So it seems like the markets expect Trump to push for an expansionary fiscal policy agenda and this is visible in the bond market. However, it is also notable that it is only long-term bond yields, which have increased while 2-year yields haven’t increased overnight.

That tells me that the markets do not expect the Federal Reserve to (fully) offset the impact on nominal demand from a more expansionary fiscal policy.

This effectively means that an easier fiscal policy stance will cause monetary conditions to be eased. The reason is that if fiscal policy is eased then that will push up the equilibrium interest rate level. If the Fed does not hike interest rates to reflect this then it will automatically ease monetary policy by keeping the fed funds rate below the equilibrium interest rate.

This of course is the standard result in a New Keynesian model when interest rates are at the Zero Lower Bound (see for example here).

Does this mean that the so-called Sumner Critique does not apply? According to the Sumner Critique an easing of fiscal policy will not have (net) impact on aggregate demand if the central bank has an inflation target (or a nominal GDP) as the central bank will act to offset any impact on aggregate demand from a easier fiscal policy.

However, the Sumner Critique does not necessarily apply if the central bank’s inflation target is not credible and/or central bank is not willing to “enforce” it. And this seems relevant to the present situation. Hence, US core inflation continue to be below the Fed’s inflation target so one can certainly argue that there is room for an increase in aggregate demand without the Federal Reserve having to tighten monetary conditions.

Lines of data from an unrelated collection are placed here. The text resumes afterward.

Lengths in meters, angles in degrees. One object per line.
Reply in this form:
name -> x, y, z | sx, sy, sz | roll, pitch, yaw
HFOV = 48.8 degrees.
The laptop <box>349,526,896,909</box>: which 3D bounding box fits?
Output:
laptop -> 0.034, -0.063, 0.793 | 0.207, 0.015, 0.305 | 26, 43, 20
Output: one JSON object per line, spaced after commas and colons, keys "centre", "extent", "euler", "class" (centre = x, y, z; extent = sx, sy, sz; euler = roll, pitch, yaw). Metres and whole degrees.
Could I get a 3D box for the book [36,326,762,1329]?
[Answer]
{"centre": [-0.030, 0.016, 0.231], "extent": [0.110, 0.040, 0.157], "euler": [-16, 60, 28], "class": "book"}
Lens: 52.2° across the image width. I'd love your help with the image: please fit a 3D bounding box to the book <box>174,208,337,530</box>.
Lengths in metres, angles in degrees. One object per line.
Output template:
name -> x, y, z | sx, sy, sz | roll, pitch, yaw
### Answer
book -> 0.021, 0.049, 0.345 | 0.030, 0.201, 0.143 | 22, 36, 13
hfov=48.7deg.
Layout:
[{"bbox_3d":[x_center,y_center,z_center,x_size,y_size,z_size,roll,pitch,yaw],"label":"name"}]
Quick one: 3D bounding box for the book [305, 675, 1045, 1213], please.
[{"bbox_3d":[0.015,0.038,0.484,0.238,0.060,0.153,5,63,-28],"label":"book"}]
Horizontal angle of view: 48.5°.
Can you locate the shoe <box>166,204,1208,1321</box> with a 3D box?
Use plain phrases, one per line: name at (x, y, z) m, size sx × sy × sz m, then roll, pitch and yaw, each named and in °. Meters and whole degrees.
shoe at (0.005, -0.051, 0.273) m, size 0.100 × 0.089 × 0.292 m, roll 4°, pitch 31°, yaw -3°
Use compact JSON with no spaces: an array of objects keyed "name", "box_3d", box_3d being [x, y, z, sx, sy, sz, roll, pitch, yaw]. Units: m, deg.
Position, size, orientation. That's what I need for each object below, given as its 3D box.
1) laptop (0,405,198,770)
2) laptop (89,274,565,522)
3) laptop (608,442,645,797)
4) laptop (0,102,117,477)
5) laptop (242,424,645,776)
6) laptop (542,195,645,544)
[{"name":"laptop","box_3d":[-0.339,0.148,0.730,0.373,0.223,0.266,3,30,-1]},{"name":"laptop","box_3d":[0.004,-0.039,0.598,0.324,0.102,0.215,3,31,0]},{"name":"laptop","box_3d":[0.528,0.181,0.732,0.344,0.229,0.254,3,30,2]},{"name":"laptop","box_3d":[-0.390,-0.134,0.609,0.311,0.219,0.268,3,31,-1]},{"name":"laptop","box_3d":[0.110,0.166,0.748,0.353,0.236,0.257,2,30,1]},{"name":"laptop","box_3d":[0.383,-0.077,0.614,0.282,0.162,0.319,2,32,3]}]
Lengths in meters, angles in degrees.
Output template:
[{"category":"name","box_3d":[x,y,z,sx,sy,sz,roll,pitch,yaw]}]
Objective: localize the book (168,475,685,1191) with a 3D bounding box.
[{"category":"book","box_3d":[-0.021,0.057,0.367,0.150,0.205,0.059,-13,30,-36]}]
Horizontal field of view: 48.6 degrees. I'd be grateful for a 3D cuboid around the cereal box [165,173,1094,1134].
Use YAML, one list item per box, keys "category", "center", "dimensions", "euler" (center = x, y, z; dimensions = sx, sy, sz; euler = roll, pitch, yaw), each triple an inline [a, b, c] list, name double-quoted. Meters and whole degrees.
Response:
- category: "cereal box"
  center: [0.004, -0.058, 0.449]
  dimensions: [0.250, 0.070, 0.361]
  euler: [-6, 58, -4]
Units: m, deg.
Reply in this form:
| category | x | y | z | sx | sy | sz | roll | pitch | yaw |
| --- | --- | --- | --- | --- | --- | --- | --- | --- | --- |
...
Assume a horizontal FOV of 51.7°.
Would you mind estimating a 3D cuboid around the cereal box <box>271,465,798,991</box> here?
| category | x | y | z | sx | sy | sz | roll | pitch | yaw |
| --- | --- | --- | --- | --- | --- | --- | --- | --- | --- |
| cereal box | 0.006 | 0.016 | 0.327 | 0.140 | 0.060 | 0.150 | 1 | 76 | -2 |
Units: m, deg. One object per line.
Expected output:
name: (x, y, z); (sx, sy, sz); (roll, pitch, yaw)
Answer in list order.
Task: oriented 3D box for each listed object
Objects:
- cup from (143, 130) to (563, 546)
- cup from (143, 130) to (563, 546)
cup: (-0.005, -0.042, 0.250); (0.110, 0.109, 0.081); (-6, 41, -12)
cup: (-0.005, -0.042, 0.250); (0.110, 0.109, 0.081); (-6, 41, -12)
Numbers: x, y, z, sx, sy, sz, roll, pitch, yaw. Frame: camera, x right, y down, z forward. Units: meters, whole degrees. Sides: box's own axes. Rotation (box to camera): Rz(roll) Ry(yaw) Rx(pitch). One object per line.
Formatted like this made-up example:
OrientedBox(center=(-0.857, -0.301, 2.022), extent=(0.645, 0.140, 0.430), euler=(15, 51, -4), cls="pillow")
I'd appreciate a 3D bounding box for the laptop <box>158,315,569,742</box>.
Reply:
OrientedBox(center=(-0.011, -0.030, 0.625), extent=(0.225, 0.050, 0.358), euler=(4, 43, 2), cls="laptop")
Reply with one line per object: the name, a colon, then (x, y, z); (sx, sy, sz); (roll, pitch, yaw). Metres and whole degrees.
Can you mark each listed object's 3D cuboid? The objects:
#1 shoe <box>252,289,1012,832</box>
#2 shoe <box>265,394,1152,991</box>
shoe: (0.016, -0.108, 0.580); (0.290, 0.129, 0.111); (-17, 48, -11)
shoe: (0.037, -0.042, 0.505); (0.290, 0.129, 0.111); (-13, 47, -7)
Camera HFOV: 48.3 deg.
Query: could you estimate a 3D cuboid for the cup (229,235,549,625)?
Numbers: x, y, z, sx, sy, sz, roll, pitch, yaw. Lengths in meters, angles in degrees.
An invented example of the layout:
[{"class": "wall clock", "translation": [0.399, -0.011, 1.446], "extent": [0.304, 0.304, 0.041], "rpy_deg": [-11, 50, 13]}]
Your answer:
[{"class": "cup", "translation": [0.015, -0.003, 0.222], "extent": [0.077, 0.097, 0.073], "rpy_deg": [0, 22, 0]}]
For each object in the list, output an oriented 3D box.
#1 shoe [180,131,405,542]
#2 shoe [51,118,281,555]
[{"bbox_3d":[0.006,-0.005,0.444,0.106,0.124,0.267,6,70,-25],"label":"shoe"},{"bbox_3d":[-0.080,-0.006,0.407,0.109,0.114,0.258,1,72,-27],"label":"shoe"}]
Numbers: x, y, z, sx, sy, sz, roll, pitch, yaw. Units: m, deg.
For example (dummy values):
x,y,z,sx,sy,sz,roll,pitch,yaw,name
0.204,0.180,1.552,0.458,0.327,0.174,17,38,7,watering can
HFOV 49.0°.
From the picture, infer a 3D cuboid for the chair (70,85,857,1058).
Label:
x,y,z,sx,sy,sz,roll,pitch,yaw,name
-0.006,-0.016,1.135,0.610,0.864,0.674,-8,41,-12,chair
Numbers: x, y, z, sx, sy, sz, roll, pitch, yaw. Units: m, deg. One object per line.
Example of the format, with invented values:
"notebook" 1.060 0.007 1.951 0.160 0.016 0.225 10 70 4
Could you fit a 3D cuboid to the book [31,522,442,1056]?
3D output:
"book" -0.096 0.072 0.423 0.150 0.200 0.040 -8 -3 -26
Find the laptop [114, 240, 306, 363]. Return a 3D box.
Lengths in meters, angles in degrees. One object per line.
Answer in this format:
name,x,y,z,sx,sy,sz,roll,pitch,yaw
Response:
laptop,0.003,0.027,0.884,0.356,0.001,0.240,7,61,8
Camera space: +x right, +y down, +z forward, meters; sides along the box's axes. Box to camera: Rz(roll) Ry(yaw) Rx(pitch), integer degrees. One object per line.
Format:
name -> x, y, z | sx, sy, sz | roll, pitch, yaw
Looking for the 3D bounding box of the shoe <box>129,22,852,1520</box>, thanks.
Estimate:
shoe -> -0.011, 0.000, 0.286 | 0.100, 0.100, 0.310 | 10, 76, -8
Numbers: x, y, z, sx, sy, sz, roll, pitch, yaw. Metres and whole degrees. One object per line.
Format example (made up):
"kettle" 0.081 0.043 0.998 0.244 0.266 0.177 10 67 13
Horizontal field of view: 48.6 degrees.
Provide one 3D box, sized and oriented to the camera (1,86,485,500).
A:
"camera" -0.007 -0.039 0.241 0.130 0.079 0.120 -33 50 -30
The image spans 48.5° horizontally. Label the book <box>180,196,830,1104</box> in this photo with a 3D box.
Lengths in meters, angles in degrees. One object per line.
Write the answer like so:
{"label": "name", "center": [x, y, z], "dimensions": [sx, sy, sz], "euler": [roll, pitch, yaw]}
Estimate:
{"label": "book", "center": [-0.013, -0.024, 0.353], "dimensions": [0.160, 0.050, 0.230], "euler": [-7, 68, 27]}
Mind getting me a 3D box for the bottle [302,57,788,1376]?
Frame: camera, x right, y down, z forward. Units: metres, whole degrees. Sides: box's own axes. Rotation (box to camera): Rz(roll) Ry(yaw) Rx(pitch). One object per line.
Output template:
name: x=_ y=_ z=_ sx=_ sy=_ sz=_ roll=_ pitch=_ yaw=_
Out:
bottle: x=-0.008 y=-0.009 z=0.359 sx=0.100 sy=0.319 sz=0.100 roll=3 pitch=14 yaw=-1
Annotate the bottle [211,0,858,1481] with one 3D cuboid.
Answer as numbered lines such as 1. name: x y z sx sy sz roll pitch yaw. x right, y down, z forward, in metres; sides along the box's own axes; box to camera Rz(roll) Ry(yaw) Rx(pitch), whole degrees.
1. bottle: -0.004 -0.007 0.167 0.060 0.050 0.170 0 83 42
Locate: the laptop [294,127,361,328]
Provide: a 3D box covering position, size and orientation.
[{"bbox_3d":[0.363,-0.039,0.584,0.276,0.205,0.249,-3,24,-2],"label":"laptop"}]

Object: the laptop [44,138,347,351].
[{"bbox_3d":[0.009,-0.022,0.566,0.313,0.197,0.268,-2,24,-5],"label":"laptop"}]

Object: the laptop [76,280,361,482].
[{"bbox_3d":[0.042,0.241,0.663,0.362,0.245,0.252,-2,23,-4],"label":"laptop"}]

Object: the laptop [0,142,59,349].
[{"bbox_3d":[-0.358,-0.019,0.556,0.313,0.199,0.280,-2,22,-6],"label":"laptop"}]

Obviously the Fed could have done this on it own by for example not signaling a rate hike in December or signaling that it would re-introduce quantitative easing if inflation once again started to trend downwards.

However, the Fed clearly has “mental” problems with this. It is clear that most key Fed policy makers are worried about the consequences of keeping interest rates “low for longer” and more QE clearly seems to be a no-go.

In other words the Fed has put itself in a situation where further monetary easing is off the table and this is of course the reason why a number of Fed officials in the last couple of months have called for old-school keynesian fiscal stimulus.

It all seems to have started in August. This is Janet Yellen at the Jackson Hole symposium on August 26:

Beyond monetary policy, fiscal policy has traditionally played an important role in dealing with severe economic downturns. A wide range of possible fiscal policy tools and approaches could enhance the cyclical stability of the economy.25 For example, steps could be taken to increase the effectiveness of the automatic stabilizers, and some economists have proposed that greater fiscal support could be usefully provided to state and local governments during recessions. As always, it would be important to ensure that any fiscal policy changes did not compromise long-run fiscal sustainability.

Finally, and most ambitiously, as a society we should explore ways to raise productivity growth. Stronger productivity growth would tend to raise the average level of interest rates and therefore would provide the Federal Reserve with greater scope to ease monetary policy in the event of a recession. But more importantly, stronger productivity growth would enhance Americans’ living standards. Though outside the narrow field of monetary policy, many possibilities in this arena are worth considering, including improving our educational system and investing more in worker training; promoting capital investment and research spending, both private and public; and looking for ways to reduce regulatory burdens while protecting important economic, financial, and social goals.

“Promoting capital investment” of course means government infrastructure spending.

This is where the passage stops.